6001 Airport, second floor, 323-5404
Monday-Saturday, 10am-9pm; Sunday, noon-6pm
www.lachaparritaaustin.com

It is a rare occasion when we recommend mall food-court chow; most of it is chain-related or a bad local copy of a chain. Not so for Lima, Peru, native Susana Osorio's La Chaparrita, which opened last December, just before Macy's and Dillard's bailed out and Austin Community College decided that a less than frisky mall might make a good campus. Her sparkling walk-up counter is now the main attraction of a half-occupied food court; a recent lunch visit saw her getting the vast majority of the food court's business.

Rediscovering Highland Mall Food Court
Photo by John Anderson

We started with a couple of appetizers. Papa a la huancaína ($3.99) is excellent potato salad composed of tender sliced potatoes on a lettuce bed, covered with a creamy cheese and yellow aji chile sauce, topped with hard-boiled egg and black olives. Ceviche ($7.99, and well worth it) is a traditional Peruvian dish, prepared here with fresh and firm tilapia in a zippy leche de tigre (lime and rocoto chile marinade), served with luscious sweet potato, corn on the cob, and crunchy cancha – the original corn nut. It is part aphrodisiac, part hangover cure, and all delicious. Do not pass on the crunchy, mild, pickled red onions on your plate; they make everything taste better.

The arroz con pollo ($5.99) is a platter of moist chicken with crisp skin resting on a bed of rich, chickeny rice flavored with onion, cilantro, peas, and red pepper.

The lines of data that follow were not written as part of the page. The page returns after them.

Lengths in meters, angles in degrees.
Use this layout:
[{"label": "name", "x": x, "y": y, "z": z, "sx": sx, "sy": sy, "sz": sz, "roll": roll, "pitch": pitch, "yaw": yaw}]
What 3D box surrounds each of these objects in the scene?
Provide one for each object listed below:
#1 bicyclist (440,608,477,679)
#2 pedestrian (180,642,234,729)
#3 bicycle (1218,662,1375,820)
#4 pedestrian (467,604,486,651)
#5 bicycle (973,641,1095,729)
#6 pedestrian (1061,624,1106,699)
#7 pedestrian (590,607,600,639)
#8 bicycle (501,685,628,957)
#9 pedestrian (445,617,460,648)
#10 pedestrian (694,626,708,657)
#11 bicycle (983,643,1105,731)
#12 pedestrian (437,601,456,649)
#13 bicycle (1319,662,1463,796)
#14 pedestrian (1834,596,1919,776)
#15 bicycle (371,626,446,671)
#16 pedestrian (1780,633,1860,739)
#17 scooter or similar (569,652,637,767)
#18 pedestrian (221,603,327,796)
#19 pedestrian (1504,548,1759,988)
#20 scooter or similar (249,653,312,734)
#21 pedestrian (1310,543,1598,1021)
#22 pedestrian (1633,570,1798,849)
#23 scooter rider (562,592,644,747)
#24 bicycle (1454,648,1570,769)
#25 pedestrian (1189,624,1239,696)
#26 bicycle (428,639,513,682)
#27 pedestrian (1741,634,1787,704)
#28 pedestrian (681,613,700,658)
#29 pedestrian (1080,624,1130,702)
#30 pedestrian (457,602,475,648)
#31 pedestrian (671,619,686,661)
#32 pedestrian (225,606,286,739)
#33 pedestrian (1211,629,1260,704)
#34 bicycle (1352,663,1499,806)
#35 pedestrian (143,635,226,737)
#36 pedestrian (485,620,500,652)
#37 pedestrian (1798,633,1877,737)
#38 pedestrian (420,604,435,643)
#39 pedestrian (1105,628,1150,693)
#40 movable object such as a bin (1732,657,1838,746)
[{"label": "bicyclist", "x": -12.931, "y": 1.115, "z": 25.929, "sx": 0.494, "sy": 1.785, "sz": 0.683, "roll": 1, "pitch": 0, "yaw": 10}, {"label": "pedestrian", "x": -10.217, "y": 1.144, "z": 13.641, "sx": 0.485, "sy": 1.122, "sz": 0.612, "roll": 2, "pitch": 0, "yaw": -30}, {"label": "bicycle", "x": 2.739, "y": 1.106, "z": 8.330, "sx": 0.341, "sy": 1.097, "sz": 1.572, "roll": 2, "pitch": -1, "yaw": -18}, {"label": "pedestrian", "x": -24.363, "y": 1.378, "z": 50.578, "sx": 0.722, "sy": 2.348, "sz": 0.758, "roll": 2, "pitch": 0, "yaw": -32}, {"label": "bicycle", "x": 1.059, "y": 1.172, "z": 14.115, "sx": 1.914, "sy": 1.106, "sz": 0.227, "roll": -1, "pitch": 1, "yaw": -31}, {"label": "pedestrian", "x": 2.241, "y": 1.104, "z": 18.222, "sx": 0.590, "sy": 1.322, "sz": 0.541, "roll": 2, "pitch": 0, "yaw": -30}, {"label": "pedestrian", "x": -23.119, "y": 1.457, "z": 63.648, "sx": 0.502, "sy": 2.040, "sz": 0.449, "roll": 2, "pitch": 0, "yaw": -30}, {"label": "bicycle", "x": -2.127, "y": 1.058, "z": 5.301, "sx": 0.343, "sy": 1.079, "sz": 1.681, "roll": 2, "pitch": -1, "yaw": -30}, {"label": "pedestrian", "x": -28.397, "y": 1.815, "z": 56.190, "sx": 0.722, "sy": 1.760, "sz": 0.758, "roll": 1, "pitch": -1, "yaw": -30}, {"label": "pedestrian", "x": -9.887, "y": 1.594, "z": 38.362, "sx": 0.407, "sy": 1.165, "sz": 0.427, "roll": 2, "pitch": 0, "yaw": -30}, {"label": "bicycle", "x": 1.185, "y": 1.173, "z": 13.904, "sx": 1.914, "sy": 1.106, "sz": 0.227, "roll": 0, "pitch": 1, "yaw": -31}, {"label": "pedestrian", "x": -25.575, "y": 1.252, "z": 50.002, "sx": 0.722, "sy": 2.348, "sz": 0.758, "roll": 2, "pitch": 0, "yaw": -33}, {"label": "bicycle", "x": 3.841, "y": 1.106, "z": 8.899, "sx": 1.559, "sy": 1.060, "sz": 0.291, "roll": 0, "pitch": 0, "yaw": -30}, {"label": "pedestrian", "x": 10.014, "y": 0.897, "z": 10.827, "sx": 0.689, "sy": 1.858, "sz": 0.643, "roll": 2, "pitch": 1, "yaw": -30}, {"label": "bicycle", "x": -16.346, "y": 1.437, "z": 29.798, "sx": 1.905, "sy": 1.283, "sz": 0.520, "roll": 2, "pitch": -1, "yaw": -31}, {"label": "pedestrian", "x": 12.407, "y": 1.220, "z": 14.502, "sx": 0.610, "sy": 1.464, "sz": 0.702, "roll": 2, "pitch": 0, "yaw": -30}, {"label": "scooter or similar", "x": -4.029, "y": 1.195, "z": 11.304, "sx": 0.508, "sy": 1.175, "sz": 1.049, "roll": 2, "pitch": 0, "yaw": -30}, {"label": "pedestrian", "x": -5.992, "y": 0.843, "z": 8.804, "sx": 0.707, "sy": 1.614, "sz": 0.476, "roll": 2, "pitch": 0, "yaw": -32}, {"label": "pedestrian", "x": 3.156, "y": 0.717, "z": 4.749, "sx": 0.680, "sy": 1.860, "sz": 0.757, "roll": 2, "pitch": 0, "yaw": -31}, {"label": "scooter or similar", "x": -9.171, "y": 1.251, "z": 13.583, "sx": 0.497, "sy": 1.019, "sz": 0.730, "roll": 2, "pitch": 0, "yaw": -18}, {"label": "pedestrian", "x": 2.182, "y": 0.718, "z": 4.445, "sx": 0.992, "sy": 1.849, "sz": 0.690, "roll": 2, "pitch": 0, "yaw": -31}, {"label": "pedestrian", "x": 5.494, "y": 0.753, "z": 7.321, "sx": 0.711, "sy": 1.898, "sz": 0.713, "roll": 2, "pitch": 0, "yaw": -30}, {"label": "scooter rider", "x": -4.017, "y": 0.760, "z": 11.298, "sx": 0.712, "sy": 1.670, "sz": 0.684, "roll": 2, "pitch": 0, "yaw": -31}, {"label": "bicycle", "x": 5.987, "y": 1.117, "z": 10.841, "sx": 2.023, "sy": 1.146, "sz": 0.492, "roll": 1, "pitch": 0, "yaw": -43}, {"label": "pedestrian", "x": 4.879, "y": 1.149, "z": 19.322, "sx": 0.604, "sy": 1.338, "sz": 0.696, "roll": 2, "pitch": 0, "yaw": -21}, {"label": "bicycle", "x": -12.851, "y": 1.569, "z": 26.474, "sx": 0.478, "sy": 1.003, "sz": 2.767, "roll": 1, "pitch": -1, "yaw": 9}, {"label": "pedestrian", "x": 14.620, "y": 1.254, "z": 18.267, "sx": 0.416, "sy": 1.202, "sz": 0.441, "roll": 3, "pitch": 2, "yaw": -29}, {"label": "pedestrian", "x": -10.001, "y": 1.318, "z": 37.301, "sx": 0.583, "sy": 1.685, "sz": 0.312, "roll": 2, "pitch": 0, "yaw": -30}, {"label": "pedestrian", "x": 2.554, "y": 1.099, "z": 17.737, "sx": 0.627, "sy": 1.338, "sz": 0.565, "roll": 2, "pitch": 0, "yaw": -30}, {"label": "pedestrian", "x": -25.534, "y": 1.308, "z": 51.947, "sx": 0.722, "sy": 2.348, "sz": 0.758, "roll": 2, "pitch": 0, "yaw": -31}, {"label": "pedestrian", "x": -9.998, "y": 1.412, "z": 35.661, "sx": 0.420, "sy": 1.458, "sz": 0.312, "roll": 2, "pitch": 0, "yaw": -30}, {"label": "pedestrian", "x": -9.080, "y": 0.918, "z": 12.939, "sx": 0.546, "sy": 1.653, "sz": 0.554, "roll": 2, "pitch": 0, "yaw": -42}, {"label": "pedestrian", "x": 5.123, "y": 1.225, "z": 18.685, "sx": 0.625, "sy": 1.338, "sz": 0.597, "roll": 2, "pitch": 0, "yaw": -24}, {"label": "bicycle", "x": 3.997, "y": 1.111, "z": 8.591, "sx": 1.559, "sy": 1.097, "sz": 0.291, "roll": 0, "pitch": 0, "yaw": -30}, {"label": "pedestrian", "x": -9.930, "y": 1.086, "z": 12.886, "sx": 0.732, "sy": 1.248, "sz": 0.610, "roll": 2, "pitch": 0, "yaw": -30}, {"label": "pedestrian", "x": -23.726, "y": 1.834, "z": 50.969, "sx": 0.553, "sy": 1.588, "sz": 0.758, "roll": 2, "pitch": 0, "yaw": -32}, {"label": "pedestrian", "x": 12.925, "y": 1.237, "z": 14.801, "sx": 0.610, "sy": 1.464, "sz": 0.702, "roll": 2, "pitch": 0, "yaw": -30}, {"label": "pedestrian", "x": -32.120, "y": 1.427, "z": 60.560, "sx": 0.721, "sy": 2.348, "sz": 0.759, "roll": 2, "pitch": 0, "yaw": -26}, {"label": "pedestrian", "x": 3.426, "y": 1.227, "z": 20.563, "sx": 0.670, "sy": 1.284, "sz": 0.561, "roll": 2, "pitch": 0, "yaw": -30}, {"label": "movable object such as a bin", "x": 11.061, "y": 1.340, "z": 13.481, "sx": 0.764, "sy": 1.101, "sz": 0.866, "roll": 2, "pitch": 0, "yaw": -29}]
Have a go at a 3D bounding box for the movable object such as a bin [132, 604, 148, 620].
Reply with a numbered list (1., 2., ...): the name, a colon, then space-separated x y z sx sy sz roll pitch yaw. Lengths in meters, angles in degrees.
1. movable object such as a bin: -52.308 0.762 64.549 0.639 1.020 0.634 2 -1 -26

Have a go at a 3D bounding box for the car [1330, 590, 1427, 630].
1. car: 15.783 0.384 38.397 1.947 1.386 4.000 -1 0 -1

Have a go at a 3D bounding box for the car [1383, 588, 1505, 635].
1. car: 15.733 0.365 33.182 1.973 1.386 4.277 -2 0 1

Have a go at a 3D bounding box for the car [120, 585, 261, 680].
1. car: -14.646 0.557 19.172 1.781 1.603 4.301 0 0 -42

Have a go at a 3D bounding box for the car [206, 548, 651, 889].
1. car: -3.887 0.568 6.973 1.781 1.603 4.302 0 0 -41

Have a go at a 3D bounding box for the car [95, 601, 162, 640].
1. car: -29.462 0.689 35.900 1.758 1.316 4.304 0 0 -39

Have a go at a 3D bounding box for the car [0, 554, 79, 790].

Definitely pour on the piquant and creamy green chile sauce offered to take it up a notch. Ají de gallina ($5.99) is delectable shredded chicken breast in a seductive sauce of peanuts, milk, and cheeses, reminiscent of a North Indian korma sauce.

Two other dishes reflect the so-called Chifa Chinese immigrant influence found in Peru's cuisine. Lomo sal­tado ($6.99) is a lean beef stir-fry of tomato, garlic, onion, and cilantro, loaded with flavor. It rests atop a mound of excellent fried potatoes: crispy on the outside and moist and luscious inside. The Peruvi­ans practically invented the potato, and all of these effete local burger joints that think they know how to make french fries are encouraged to drop by La Chaparrita for a lesson in humility. Arroz chaufa ($6.99) is wonderful fried rice, loaded with bits of crunchy pork and chicken; seasoned with beaten eggs, green onion, and soy sauce; and topped with shrimp. It is old-school, not clumpy in the least, and very satisfying.

If any powdery white cookie sandwiches are available, grab a couple for after dinner. They're called alfajores – crunchy shortbread cookies enclosing a manjar blanco (reduced condensed milk) not-too-sweet filling, dusted with powdered sugar. Won­der­ful stuff. Likewise for the chicha morada, that famous anti-inflammatory, cholesterol-reducing purple corn drink made with cinnamon. It makes a nice digestif.

Highland Mall might not spring to mind when you think Peruvian food, but it really should.